■ **Material provided**
----------------------------------------
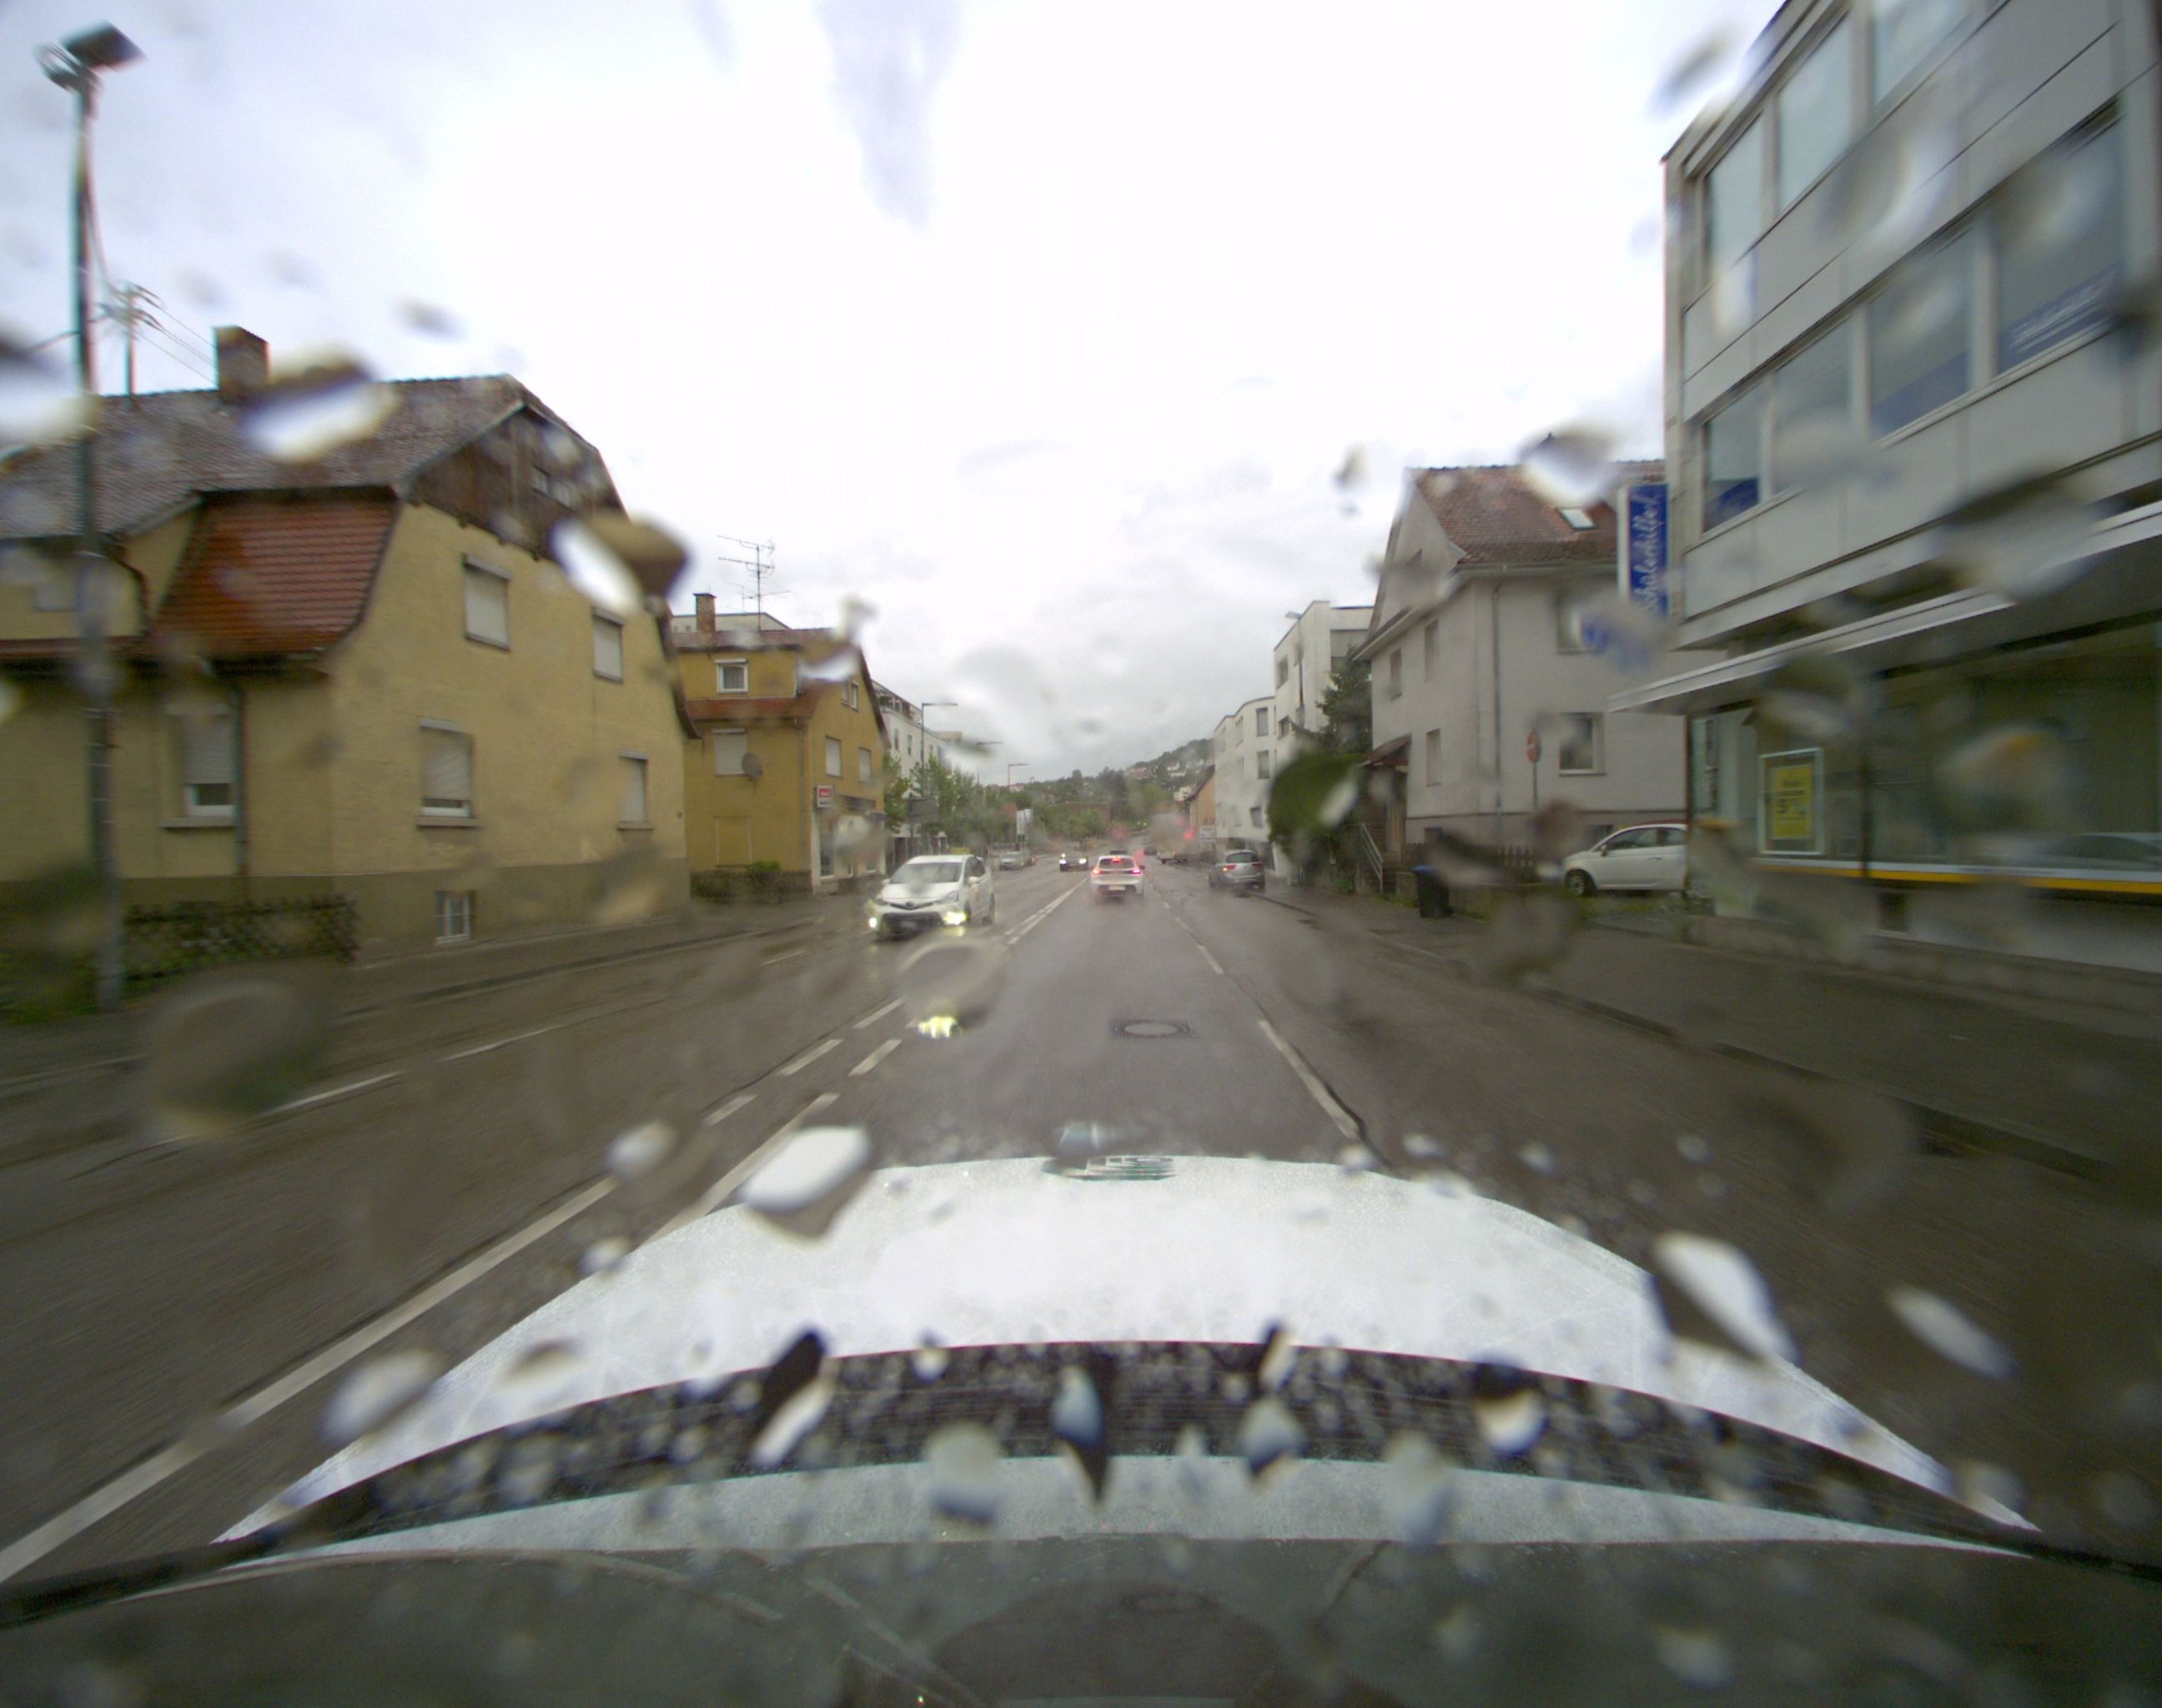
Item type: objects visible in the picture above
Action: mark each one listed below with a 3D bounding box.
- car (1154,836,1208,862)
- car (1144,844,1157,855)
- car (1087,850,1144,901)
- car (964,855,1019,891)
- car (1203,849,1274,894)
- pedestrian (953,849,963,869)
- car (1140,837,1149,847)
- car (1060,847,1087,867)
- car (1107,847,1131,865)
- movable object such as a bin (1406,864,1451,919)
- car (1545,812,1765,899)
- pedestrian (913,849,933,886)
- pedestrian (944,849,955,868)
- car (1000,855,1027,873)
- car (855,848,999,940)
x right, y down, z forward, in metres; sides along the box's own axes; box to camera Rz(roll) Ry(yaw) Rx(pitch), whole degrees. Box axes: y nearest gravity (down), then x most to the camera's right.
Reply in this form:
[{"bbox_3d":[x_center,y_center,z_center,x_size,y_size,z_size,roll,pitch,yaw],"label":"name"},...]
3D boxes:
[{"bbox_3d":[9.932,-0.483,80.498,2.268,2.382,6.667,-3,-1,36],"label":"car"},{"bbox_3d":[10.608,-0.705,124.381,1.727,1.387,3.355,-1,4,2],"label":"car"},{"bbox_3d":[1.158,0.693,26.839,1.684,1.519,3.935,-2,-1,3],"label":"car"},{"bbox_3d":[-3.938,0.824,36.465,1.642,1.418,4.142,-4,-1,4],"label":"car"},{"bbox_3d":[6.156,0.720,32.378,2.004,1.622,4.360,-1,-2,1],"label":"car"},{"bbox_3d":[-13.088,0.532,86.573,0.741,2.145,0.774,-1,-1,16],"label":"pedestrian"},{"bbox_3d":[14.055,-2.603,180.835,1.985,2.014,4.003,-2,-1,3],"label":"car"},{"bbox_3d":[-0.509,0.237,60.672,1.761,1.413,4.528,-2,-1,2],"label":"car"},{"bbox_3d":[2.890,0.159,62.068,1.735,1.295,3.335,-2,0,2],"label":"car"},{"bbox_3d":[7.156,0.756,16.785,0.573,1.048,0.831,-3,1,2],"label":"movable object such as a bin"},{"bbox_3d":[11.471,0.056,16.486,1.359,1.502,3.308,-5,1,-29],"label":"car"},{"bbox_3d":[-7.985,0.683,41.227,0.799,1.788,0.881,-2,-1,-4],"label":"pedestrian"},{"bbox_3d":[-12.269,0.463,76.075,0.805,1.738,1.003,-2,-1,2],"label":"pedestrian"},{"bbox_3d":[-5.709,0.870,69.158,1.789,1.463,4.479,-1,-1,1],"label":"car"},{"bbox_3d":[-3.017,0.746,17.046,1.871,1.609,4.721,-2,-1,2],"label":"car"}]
----------------------------------------
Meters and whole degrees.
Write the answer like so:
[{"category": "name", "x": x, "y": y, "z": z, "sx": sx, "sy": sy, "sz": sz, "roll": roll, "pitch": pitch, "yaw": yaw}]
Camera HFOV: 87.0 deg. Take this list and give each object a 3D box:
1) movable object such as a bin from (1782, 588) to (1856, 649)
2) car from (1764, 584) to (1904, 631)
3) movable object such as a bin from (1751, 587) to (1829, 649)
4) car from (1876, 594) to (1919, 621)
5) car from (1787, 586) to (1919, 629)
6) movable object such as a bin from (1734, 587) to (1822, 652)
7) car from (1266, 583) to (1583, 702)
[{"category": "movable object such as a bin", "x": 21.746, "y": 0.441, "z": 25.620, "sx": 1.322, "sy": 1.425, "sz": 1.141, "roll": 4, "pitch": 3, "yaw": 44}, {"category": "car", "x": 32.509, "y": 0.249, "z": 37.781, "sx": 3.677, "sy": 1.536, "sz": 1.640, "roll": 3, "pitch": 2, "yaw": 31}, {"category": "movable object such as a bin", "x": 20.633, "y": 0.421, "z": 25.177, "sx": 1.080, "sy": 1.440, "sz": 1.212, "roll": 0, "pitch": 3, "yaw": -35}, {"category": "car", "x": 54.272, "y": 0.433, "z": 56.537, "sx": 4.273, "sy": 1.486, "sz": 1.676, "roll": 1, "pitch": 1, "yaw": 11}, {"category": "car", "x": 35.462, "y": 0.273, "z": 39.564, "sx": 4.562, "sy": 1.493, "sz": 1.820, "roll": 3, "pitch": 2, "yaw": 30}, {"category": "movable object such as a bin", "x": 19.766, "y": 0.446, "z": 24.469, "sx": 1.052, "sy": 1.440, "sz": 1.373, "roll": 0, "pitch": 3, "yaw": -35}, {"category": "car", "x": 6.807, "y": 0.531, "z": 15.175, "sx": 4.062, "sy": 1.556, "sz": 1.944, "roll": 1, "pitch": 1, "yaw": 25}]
----------------------------------------
■ **Exercise prompt**
Among the records above, extract exactly the lines from the line with "4) car from (1876, 594) to (1919, 621)" to the line with "6) movable object", both lines included, and leave out the rest.

■ **Result of this exercise**
4) car from (1876, 594) to (1919, 621)
5) car from (1787, 586) to (1919, 629)
6) movable object such as a bin from (1734, 587) to (1822, 652)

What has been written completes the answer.